**EXERCISE REQUIREMENTS**: Write out, word for word, each line from the start of the entries through the one holding "For every layout"; omit the pictures.
......
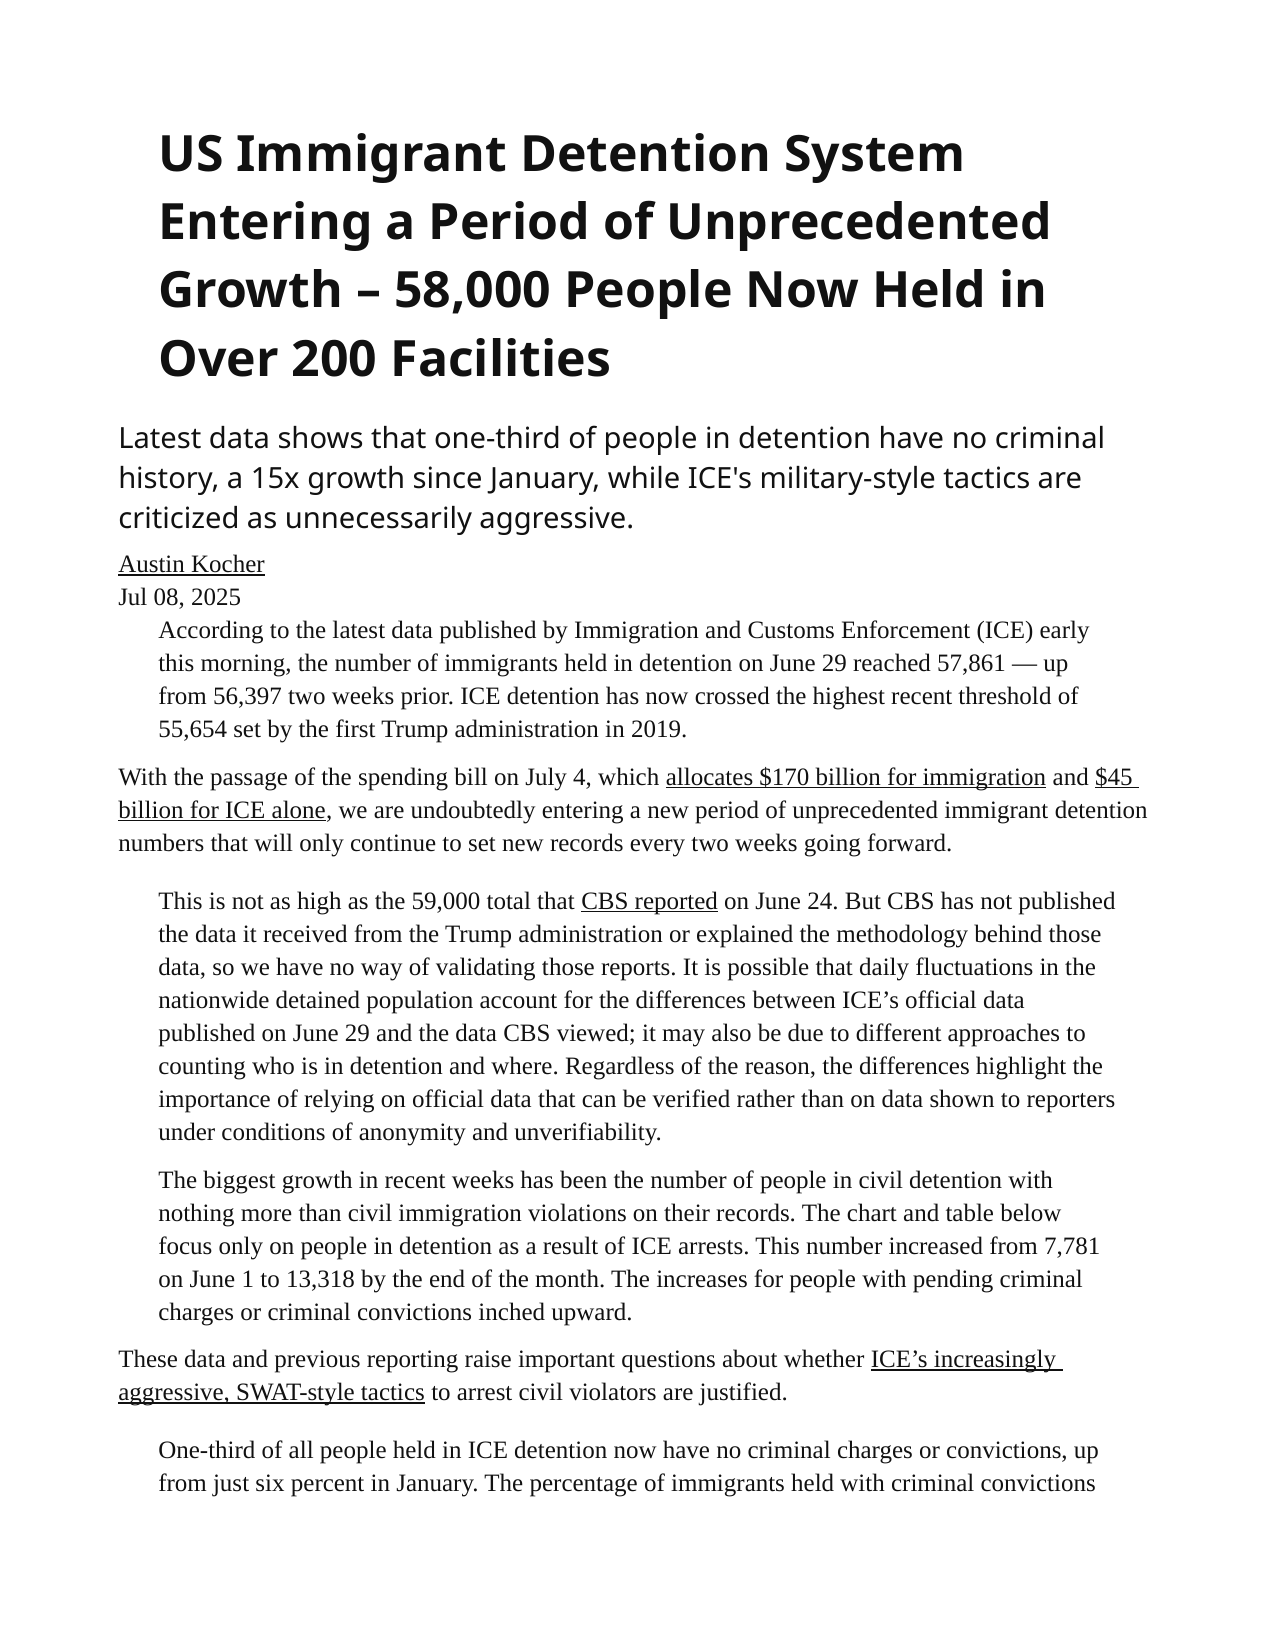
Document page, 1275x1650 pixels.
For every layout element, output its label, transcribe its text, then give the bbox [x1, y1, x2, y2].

text According to the latest data published by Immigration and Customs Enforcement (ICE) early this morning, the number of immigrants held in detention on June 29 reached 57,861 — up from 56,397 two weeks prior. ICE detention has now crossed the highest recent threshold of 55,654 set by the first Trump administration in 2019. [158, 615, 1117, 743]
text One-third of all people held in ICE detention now have no criminal charges or convictions, up from just six percent in January. The percentage of immigrants held with criminal convictions [158, 1436, 1117, 1497]
text This is not as high as the 59,000 total that CBS reported on June 24. But CBS has not published the data it received from the Trump administration or explained the methodology behind those data, so we have no way of validating those reports. It is possible that daily fluctuations in the nationwide detained population account for the differences between ICE’s official data published on June 29 and the data CBS viewed; it may also be due to different approaches to counting who is in detention and where. Regardless of the reason, the differences highlight the importance of relying on official data that can be verified rather than on data shown to reporters under conditions of anonymity and unverifiability. [158, 886, 1117, 1146]
text These data and previous reporting raise important questions about whether ICE’s increasingly aggressive, SWAT-style tactics to arrest civil violators are justified. [118, 1344, 1157, 1406]
text The biggest growth in recent weeks has been the number of people in civil detention with nothing more than civil immigration violations on their records. The chart and table below focus only on people in detention as a result of ICE arrests. This number increased from 7,781 on June 1 to 13,318 by the end of the month. The increases for people with pending criminal charges or criminal convictions inched upward. [158, 1165, 1117, 1326]
text With the passage of the spending bill on July 4, which allocates $170 billion for immigration and $45 billion for ICE alone, we are undoubtedly entering a new period of unprecedented immigrant detention numbers that will only continue to set new records every two weeks going forward. [118, 762, 1157, 857]
subtitle US Immigrant Detention System Entering a Period of Unprecedented Growth – 58,000 People Now Held in Over 200 Facilities [158, 118, 1117, 391]
text Austin Kocher [118, 549, 1157, 578]
subtitle Latest data shows that one-third of people in detention have no criminal history, a 15x growth since January, while ICE's military-style tactics are criticized as unnecessarily aggressive. [118, 418, 1157, 537]
text Jul 08, 2025 [118, 582, 1157, 611]
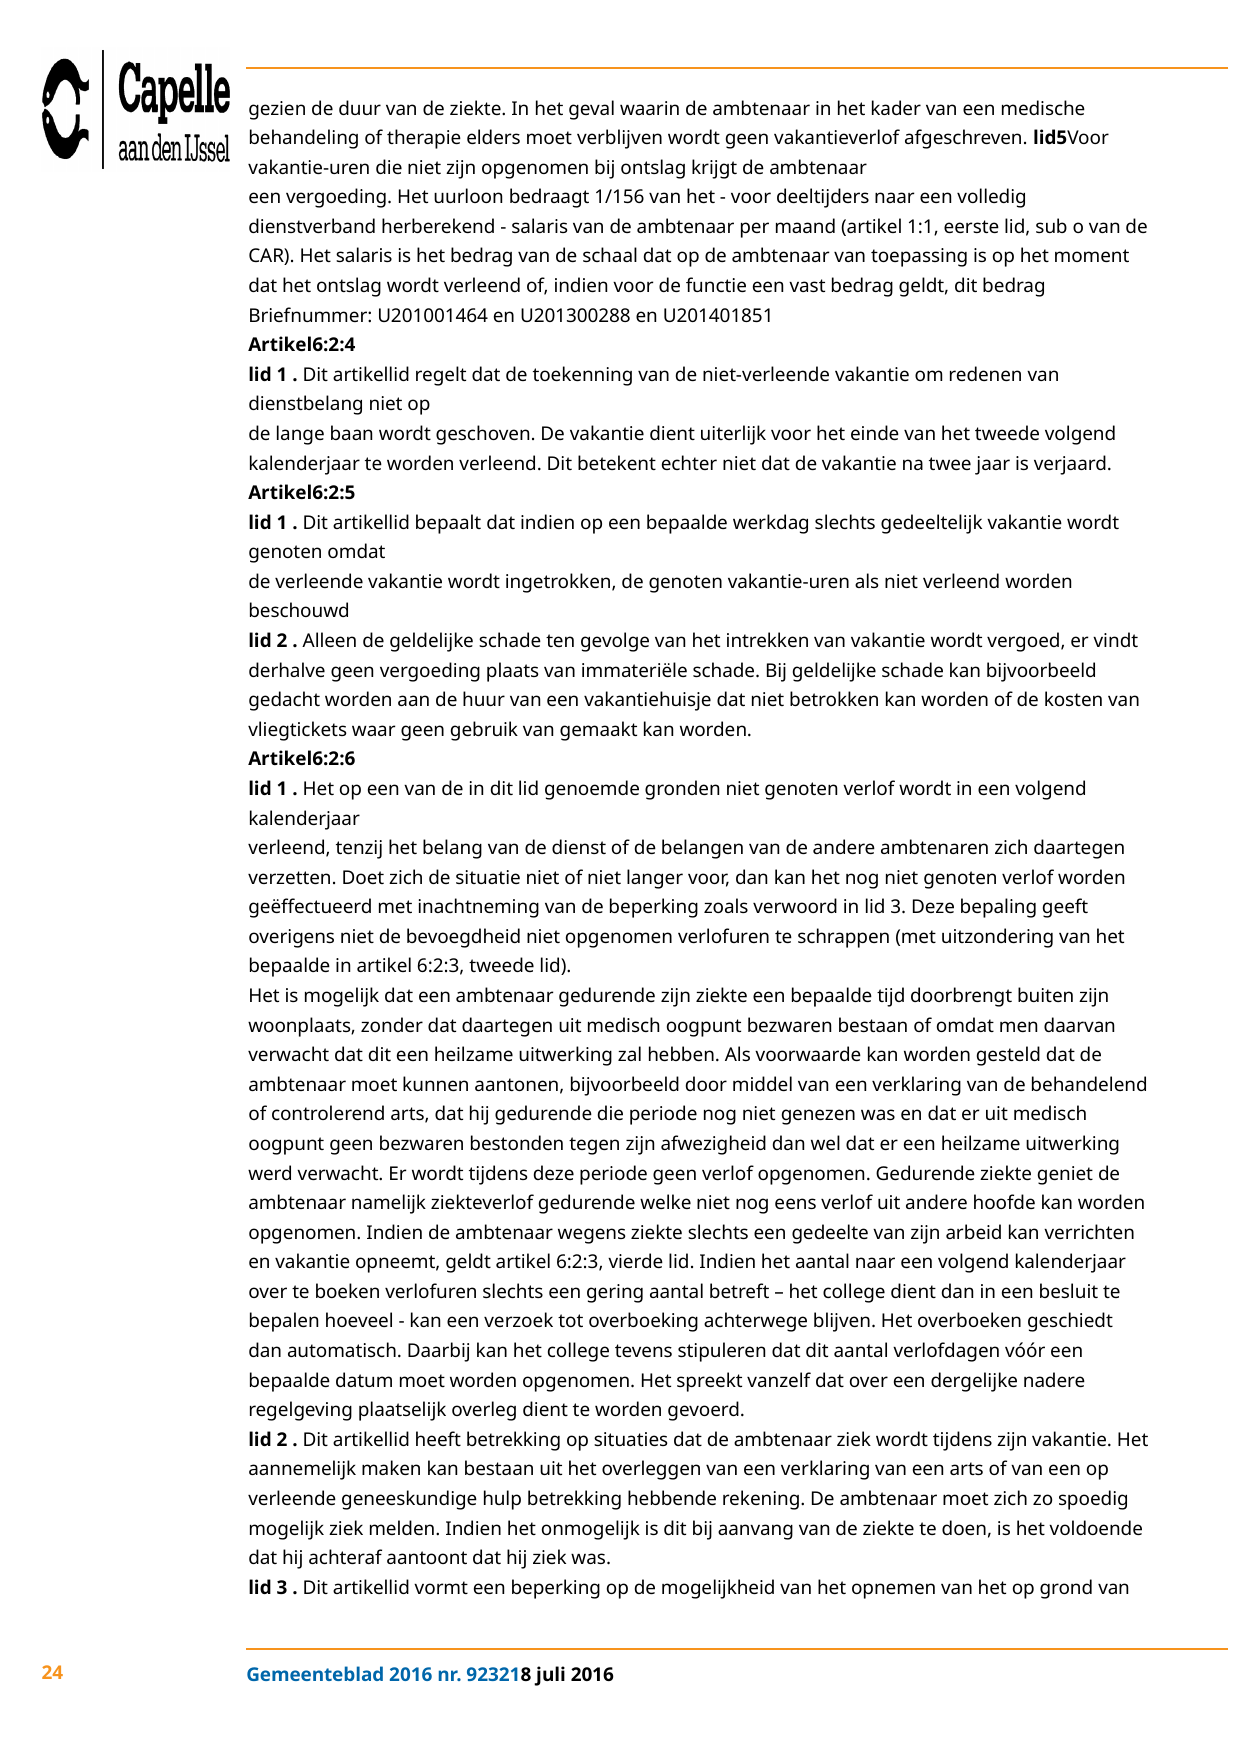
......
**EXERCISE SOLUTION**:
Document page, 1275x1650 pixels.
For every layout element, output its label, transcribe its text, then give the bbox [x1, y1, x2, y2].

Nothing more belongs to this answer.